» Exercise objective
Look through the entries below and extract exactly the lines from the one containing "Answer yes or no. Yes. Is Dark Blue greater" through the one containing "What messages or", ends included.
:: Available records
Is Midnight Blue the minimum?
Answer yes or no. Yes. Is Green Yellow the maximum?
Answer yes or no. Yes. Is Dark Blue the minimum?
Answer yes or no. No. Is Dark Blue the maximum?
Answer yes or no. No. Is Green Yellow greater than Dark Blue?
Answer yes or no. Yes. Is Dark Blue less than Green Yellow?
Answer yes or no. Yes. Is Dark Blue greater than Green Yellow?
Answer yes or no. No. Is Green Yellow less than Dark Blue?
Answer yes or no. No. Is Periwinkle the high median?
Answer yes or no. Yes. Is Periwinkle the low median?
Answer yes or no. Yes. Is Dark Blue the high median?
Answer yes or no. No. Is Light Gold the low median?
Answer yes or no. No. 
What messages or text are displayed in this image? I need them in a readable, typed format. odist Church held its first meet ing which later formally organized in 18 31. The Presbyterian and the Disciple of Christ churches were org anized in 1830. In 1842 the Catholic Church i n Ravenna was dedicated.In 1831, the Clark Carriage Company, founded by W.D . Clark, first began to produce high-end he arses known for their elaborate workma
::::
:: Available records
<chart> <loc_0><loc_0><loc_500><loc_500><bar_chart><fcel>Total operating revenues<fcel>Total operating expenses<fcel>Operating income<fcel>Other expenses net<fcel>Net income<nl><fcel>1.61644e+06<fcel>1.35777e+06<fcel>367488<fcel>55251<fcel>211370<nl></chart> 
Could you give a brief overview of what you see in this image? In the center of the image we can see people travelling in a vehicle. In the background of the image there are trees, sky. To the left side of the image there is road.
::::
» Result of this task
Answer yes or no. Yes. Is Dark Blue greater than Green Yellow?
Answer yes or no. No. Is Green Yellow less than Dark Blue?
Answer yes or no. No. Is Periwinkle the high median?
Answer yes or no. Yes. Is Periwinkle the low median?
Answer yes or no. Yes. Is Dark Blue the high median?
Answer yes or no. No. Is Light Gold the low median?
Answer yes or no. No. 
What messages or text are displayed in this image? I need them in a readable, typed format. odist Church held its first meet ing which later formally organized in 18 31. The Presbyterian and the Disciple of Christ churches were org anized in 1830. In 1842 the Catholic Church i n Ravenna was dedicated.In 1831, the Clark Carriage Company, founded by W.D . Clark, first began to produce high-end he arses known for their elaborate workma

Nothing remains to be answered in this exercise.